Durante l’osservazione dei preparati istologici sono stati contati i follicoli tiroidei e al
numero totale di follicoli tiroidei presenti nella sezione è stato attribuito un punteggio
crescente di 1, 2 o 3, in base al diametro. Gli epatociti sono stati valutati per la presenza di
lesioni degenerative a cui è stato attribuito un punteggio crescente (0, 1, 2), in base alla
gravità. Le gonadi sono state esaminate per eventuali lesioni degenerative e/o anomalie di
sviluppo. Le analisi dei livelli di ormoni tiroidei (T3 e T4) sono state eseguite su omogenato
dell’intero animale applicando la metodica di Crane et al. (2004) modificata (l’omogenato è
stato estratto con miscela di etanolo al 95% contenente 1 mM di PTU). Il dosaggio degli
ormoni tiroidei è stato effettuato con la tecnica del dosaggio radioimmunologico (RIA)
utilizzando kit del commercio (DRG International). L’analisi statistica dei dati è stata
condotta sia sui dati biometrici che sui risultati analitici (concentrazioni di T3 e T4) e
istologici. I confronti relativi all’indice k sono stati eseguiti per ogni punto sperimentale
utilizzando il test t di Student, mentre per gli altri parametri è stata applicata un’analisi della
varianza (ANOVA). Infine, relativamente al punteggio del diametro dei follicoli tiroidei, i
dati ottenuti sono stati valutati mediante analisi delle componenti principali (PCA).
RISULTATI
Il calcolo dell’indice di condizione k ha evidenziato nel gruppo di controllo un valore k
notevolmente inferiore rispetto a quello dei gruppi trattati solo a 15 giorni di trattamento
(Figura 1).
Figura 1 – Il calcolo dell’indice di condizione K ha evidenziato come il gruppo di controllo presenti
un valore K notevolmente inferiore (p<0,01) solo a quello dei gruppi trattati per 15 giorni.
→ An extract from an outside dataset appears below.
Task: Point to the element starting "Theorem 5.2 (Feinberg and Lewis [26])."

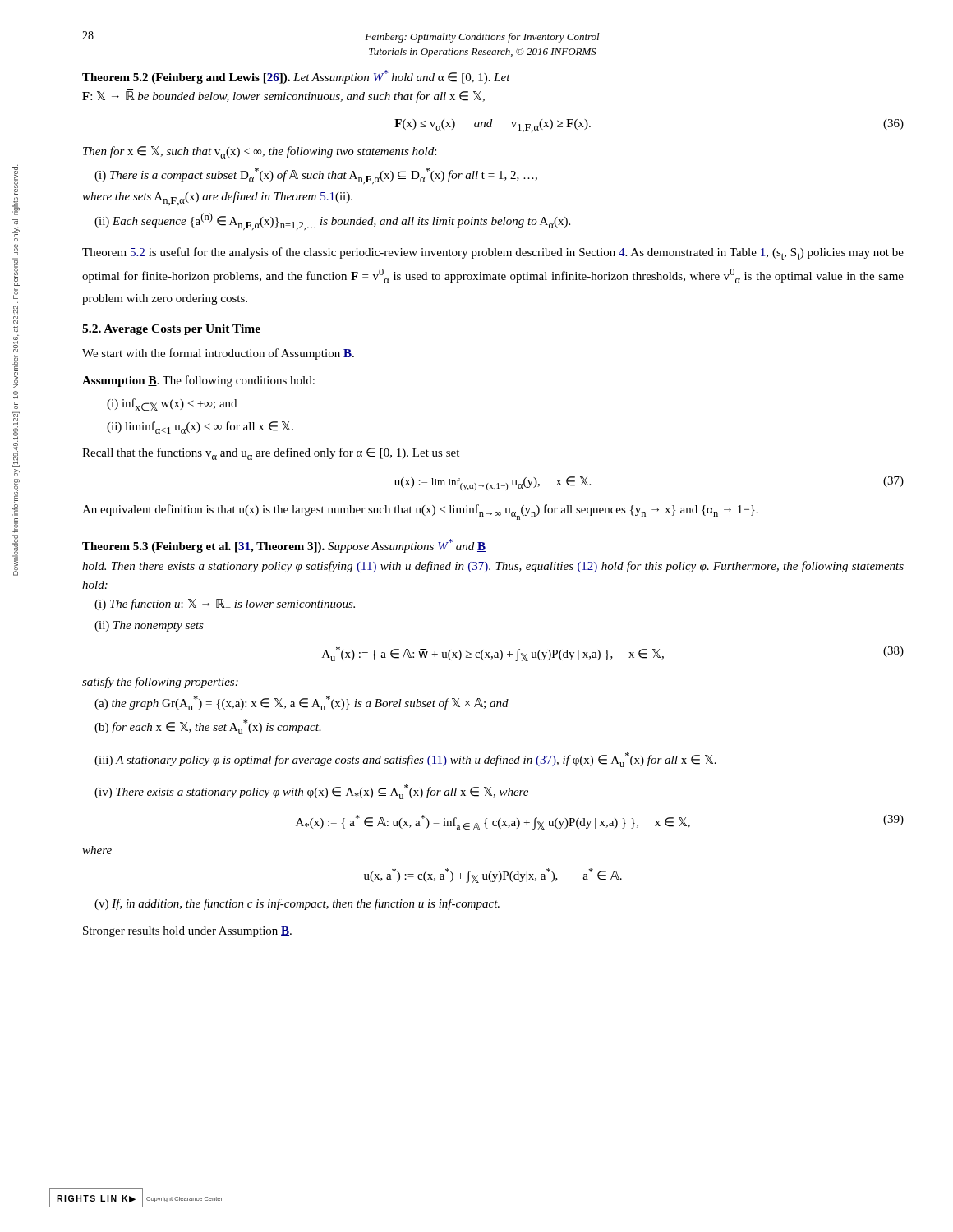Action: [x=296, y=85]
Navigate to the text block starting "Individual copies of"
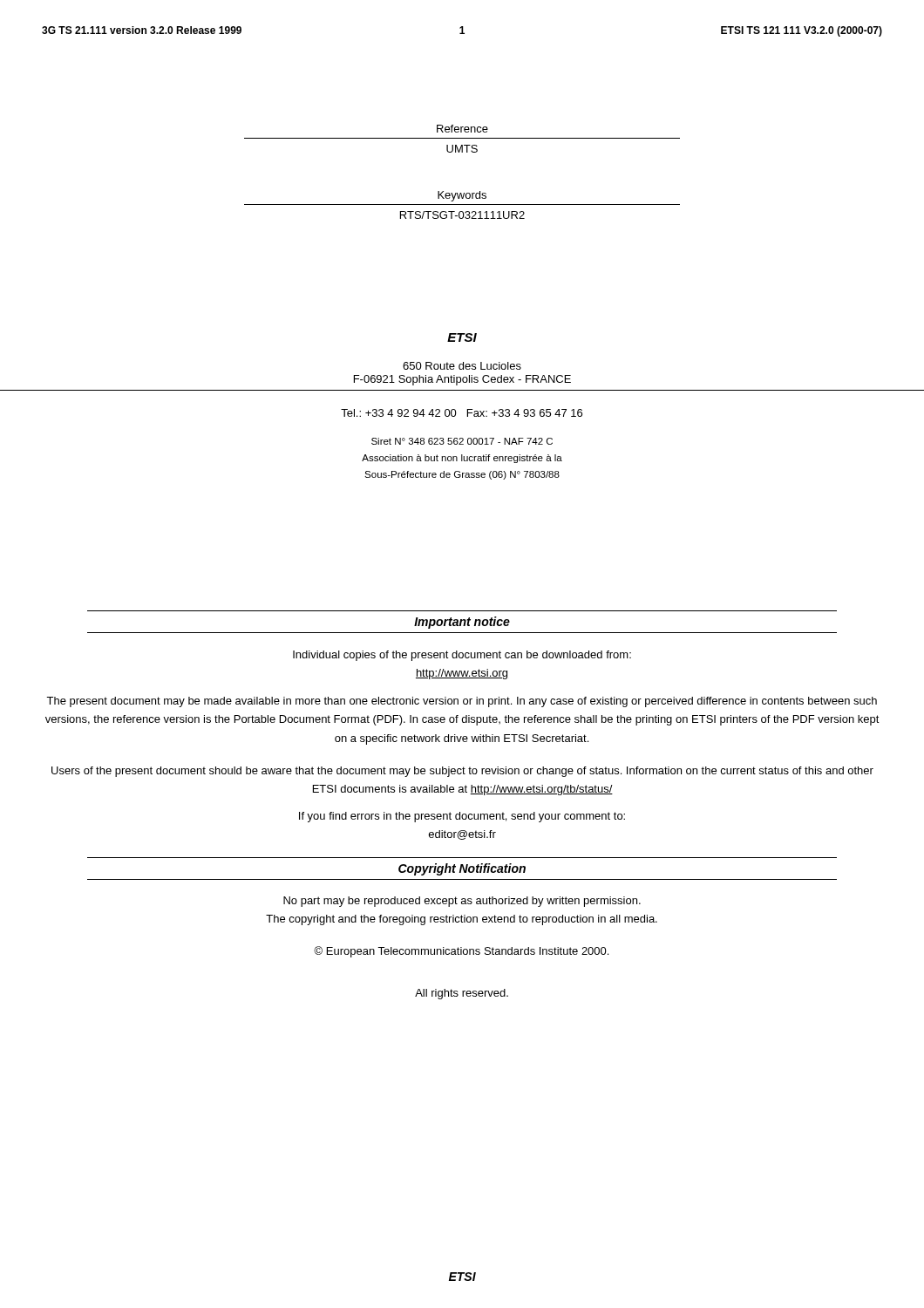The image size is (924, 1308). (x=462, y=664)

Ai successivi
punti di campionamento i valori dell’indice si equiparano tra i vari gruppi e non è più possibile evidenziare
differenze statisticamente significative.
Figure 1 – Condition factor K calculation showed a significantly lower value (p<0.01) in the control group
with respect to groups treated for 15 days. In the other sampling points the K values are similar among
the various groups and did not show statistically significant differences.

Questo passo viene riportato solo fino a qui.